Swagger flew to Washington a few days later. It was a wretched flight through lightning and cloud, not smooth, and as usual, his mind would not settle down. He tried to nap, couldn’t, got up and went to the bathroom, earning displeasure from the flight attendant because the seat-belts sign was lit.
He returned, sat back, glad he had gotten an aisle seat, and tried once again to relax, tried again not to look at his watch or disturb the person next to him, Lee Harvey Oswald.
Of course not. Just a slumbering American male, teacher, salesman, lawyer, father, uncle, brother, what have you. Mr. Ordinary. Sleeping through it all.
But his hair was slightly disheveled, maybe that was it, like Oswald’s, and the next thing Swagger knew, he was back on the run with Ozzie Rabbit, who, despite the fact that he is the object of a city-wide manhunt and has only a limited amount of time to escape, has risked everything to return to the one place the police will expect him at any second to retrieve his revolver.

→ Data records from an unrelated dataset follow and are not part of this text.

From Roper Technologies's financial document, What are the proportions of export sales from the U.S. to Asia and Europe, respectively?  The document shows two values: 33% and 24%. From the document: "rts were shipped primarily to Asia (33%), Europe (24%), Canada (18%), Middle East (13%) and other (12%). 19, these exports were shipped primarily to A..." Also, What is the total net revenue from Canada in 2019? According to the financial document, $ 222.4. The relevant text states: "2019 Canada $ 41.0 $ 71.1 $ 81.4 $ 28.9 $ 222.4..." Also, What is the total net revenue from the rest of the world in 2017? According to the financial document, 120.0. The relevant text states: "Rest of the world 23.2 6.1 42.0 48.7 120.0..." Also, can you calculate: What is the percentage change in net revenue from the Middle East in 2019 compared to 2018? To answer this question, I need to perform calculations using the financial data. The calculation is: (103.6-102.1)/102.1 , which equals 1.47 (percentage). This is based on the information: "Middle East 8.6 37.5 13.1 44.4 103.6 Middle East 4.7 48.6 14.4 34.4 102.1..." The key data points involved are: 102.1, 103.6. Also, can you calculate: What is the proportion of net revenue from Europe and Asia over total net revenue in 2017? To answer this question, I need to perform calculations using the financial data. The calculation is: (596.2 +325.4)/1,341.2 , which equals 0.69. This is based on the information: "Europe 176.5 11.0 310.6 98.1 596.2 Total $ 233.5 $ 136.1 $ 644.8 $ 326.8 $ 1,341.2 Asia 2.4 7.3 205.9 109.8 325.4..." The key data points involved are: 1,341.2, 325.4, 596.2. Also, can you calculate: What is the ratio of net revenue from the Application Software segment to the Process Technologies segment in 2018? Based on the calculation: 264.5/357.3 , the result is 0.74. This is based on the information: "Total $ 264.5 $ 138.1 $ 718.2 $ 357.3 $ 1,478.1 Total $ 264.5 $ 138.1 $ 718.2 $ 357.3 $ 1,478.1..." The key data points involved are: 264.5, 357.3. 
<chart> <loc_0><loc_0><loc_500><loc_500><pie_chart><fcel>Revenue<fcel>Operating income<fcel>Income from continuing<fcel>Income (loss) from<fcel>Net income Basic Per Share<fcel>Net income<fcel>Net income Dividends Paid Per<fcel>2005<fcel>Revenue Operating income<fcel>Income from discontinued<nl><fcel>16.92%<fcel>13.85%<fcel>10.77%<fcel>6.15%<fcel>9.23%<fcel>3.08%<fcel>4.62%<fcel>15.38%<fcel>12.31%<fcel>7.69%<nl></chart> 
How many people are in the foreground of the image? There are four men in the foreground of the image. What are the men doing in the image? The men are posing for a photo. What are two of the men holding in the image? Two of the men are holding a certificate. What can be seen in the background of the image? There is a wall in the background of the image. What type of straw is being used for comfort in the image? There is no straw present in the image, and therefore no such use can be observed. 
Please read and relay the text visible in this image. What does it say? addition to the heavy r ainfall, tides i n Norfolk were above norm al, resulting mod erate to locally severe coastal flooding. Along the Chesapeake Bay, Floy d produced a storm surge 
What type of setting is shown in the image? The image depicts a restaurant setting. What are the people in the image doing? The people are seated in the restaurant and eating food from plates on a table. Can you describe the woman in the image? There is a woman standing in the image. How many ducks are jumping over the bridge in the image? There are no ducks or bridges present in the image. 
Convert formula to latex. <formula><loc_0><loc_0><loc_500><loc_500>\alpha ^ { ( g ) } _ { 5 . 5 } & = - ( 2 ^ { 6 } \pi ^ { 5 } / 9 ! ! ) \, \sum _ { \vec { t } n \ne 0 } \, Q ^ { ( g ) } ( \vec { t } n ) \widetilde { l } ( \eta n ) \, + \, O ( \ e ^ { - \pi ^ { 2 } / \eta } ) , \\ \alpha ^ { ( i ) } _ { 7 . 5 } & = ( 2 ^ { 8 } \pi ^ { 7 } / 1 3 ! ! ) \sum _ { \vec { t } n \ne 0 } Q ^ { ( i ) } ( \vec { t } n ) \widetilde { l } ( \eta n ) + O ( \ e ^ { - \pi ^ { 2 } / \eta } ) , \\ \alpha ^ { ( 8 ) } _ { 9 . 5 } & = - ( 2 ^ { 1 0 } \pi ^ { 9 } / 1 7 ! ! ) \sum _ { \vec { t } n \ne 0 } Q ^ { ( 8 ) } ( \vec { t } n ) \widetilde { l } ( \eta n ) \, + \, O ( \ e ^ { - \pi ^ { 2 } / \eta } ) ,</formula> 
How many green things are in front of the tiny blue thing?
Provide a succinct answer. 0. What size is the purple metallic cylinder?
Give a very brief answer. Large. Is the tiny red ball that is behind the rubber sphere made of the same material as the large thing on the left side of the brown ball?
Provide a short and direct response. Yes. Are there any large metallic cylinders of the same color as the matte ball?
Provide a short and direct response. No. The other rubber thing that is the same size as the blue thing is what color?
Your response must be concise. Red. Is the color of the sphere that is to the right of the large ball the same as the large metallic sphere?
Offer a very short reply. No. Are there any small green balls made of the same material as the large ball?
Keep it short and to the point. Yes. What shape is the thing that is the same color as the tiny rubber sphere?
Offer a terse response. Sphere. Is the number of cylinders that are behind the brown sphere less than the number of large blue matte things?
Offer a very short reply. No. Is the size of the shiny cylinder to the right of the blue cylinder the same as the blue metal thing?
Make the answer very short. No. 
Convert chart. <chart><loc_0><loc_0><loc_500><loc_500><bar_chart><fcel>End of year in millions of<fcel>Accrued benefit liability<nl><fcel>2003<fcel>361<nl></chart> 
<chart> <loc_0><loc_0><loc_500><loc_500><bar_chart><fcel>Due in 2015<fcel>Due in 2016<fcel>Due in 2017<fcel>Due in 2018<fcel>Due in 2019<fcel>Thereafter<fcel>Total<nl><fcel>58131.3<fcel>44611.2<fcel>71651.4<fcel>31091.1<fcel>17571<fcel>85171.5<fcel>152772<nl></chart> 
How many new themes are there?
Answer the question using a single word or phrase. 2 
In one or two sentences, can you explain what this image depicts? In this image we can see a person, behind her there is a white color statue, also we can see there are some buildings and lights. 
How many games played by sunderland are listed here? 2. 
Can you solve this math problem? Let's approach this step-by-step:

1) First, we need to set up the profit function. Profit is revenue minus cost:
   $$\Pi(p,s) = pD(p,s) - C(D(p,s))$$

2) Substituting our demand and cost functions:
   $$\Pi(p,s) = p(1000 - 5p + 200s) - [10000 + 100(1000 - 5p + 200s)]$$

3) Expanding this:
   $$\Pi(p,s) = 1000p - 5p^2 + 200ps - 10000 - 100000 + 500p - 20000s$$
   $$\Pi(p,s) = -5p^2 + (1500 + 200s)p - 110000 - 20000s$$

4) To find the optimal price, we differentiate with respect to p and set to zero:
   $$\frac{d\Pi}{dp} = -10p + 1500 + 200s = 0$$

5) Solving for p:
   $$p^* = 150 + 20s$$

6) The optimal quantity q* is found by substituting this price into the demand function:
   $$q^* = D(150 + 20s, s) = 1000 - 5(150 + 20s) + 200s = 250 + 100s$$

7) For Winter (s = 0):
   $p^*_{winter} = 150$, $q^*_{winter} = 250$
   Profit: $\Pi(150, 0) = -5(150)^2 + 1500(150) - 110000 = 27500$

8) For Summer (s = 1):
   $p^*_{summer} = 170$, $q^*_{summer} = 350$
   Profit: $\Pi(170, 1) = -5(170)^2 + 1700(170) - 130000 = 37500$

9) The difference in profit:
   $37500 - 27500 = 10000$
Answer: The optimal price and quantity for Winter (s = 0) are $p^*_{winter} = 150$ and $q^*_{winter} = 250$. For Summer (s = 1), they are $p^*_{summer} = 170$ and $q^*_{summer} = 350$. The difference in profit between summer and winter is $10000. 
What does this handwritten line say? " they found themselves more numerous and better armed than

Why didn’t he have it with him in the first place?
A gun makes a man comfortable. Swagger remembered his own recent adventures with the .38 Super in Dallas and Comrade Ixovich’s GSh-18 in Moscow. Not using them, having them. The weight, the reminding pull on the waistline, the density, the pressure of the hard metal against the flesh. If you knew someone was going to try to kill you, that pressure was what let you operate. You were armed. You could fight. It was the enabler of all those who, for whatever reason, knew they would travel in violence’s way.